Ismail even puts Oxygen in the same category as the legendary Golds Gym in Venice Beach during its 1960s heyday.
"It has produced a lot of champions. Even US bodybuilders train there so they can focus. No distractions. No parties."
The use of drugs in the sport is an issue that refuses to go away. It is a murky part of the muscle world but none of the bodybuilders in Dubai are reluctant to discuss the issue.
According to Ismail, only a small fraction of athletes use drugs but one area of concern are the smaller gyms, where impressionable youngsters are encouraged by unscrupulous trainers to try the "juice".
Walk into many of these smaller gyms even in Abu Dhabi and you'll hear hushed talk of steroids and see a few suspect bodies. This type of dangerous advice is sometimes referred to as bro-science.

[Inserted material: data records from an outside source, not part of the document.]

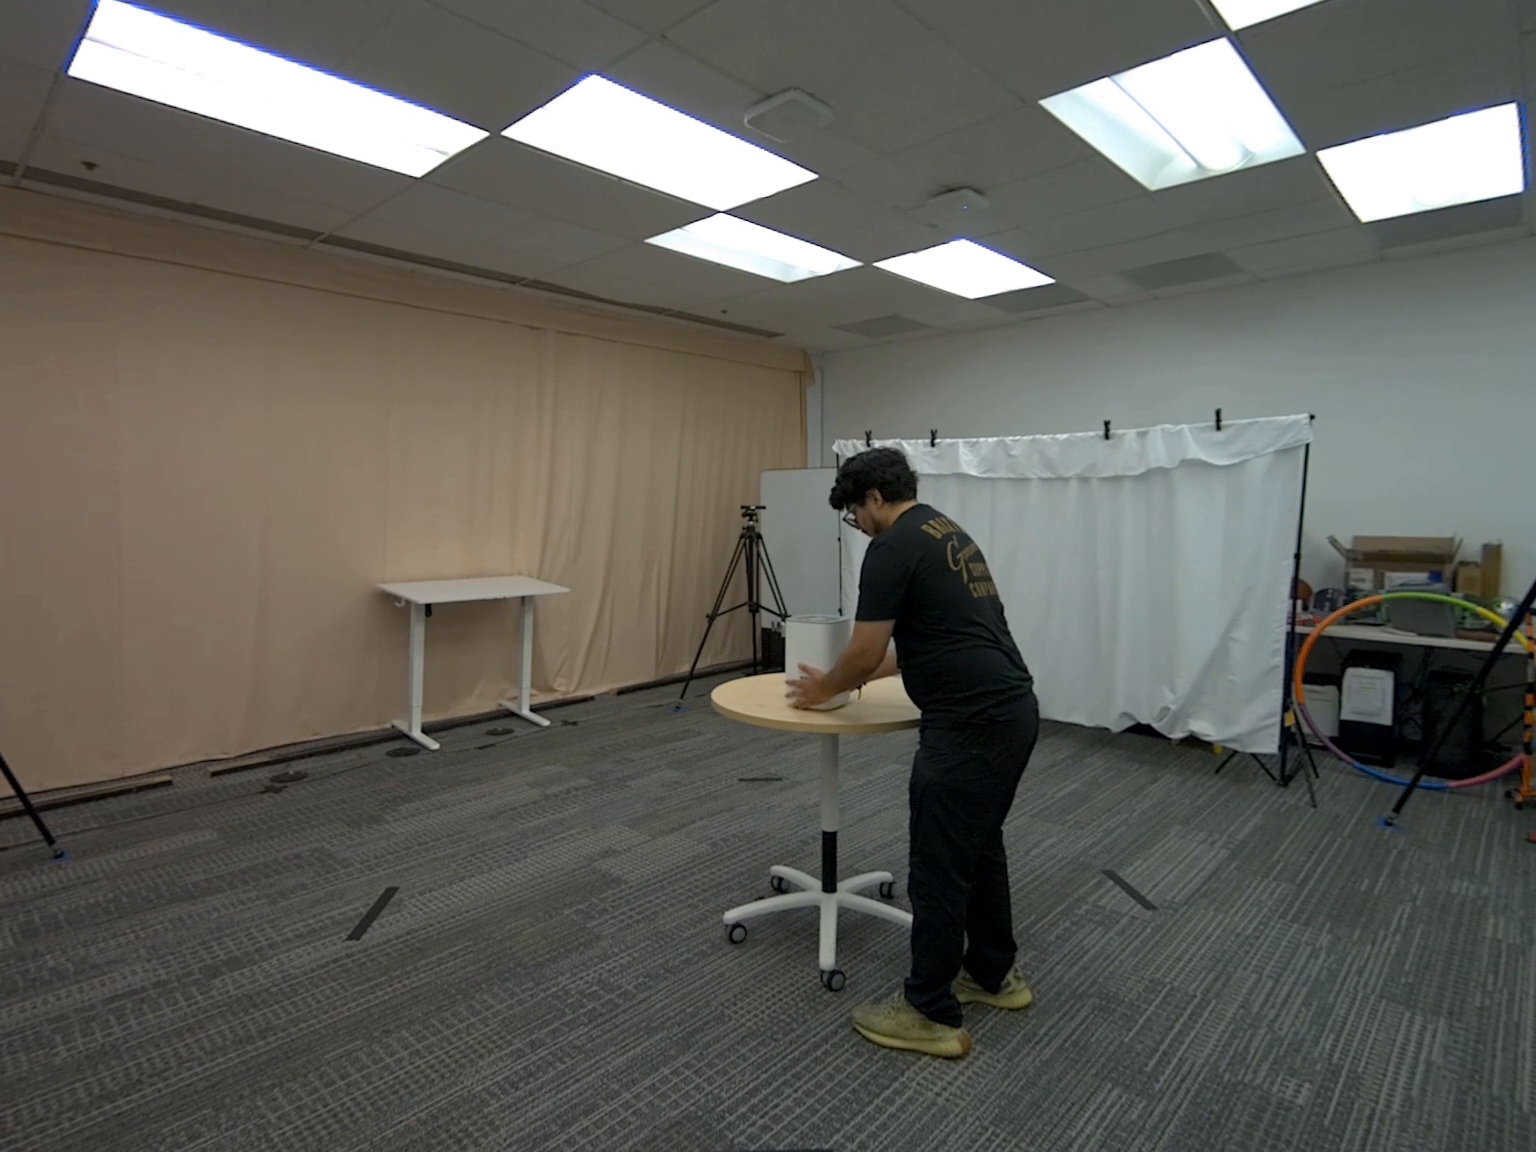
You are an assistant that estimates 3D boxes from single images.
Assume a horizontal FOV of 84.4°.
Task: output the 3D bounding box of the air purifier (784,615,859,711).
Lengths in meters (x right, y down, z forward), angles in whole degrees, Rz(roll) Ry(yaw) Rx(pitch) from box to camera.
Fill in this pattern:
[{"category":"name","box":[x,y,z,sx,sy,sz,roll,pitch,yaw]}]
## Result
[{"category":"air purifier","box":[0.167,0.263,2.555,0.176,0.265,0.167,2,5,32]}]
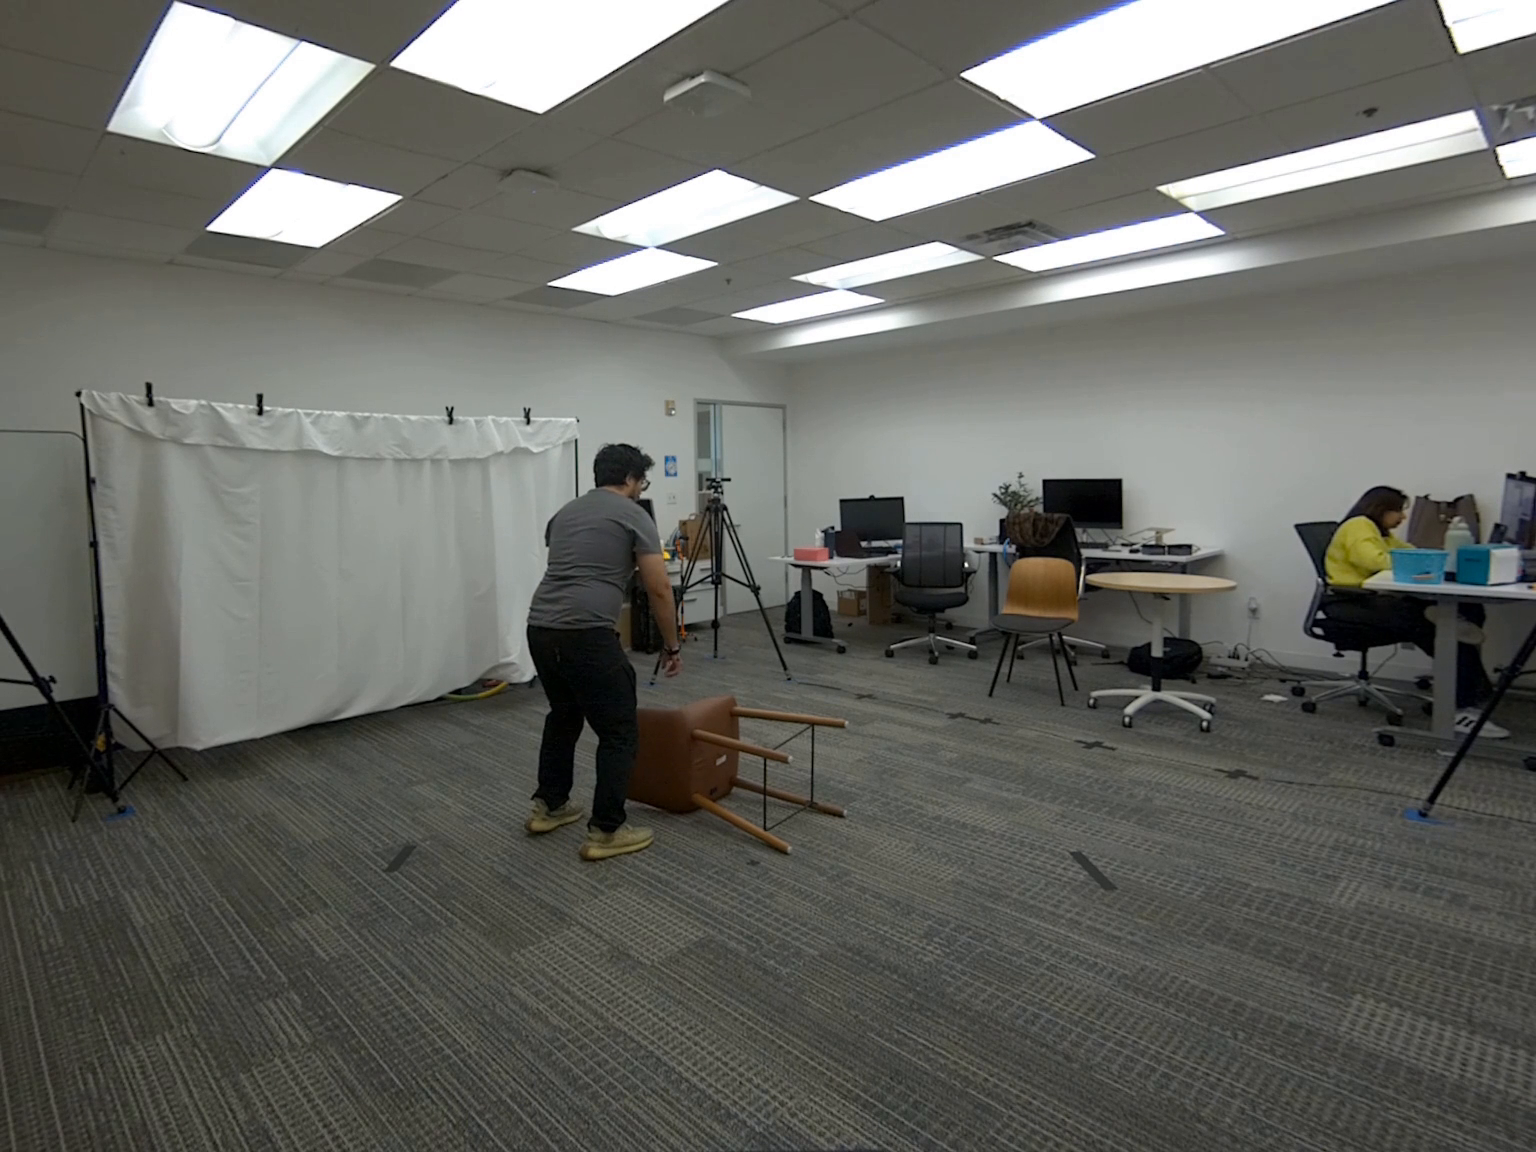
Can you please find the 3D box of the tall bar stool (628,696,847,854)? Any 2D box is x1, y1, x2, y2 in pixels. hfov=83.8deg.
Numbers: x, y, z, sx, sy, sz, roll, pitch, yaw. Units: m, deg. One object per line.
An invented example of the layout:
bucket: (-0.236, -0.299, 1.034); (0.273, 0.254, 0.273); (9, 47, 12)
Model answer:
tall bar stool: (-0.161, 0.779, 3.577); (0.916, 0.453, 0.457); (5, 10, 34)

"They'll say 'oh yeah bro you should try this, it will get you big'. They end up ruining themselves in the long run – whether through kidney issues or hormonal problems," says Ismail. "This is one thing I've always seen in the Middle East and I would like to see outlawed."
The IFBB is a signature to the World Anti Doping code and it says random drug testing is carried out.
But for Greene, the issue of performance enhancing drugs, or PEDs, is talked about far more than it should be,
"As far as drug abuse goes, it depends on what you want to focus on. People make their own choices and the path they choose to follow. It's a terrible thing if we allow the idea of PEDs or their use and abuse to be the only thing we talk about."
The muscle game today is one indistinguishable from the exotic world of the 1960s. Schwarzenegger went on to become a Hollywood legend and governor of California, while bodybuilding is no longer obscure.
Quite the contrary, it has tapped in to the worldwide explosion of fitness as a type of lifestyle choice. The muscle game too has become commercialised, more cut throat and its stars have become big brands – with millions of followers on social media. There are also big plans for Dubai Muscle Show and it is hoped female bodybuilders will be competing there soon.
"We are already booked for next year," says Blair. "It's going to be 75 per cent bigger."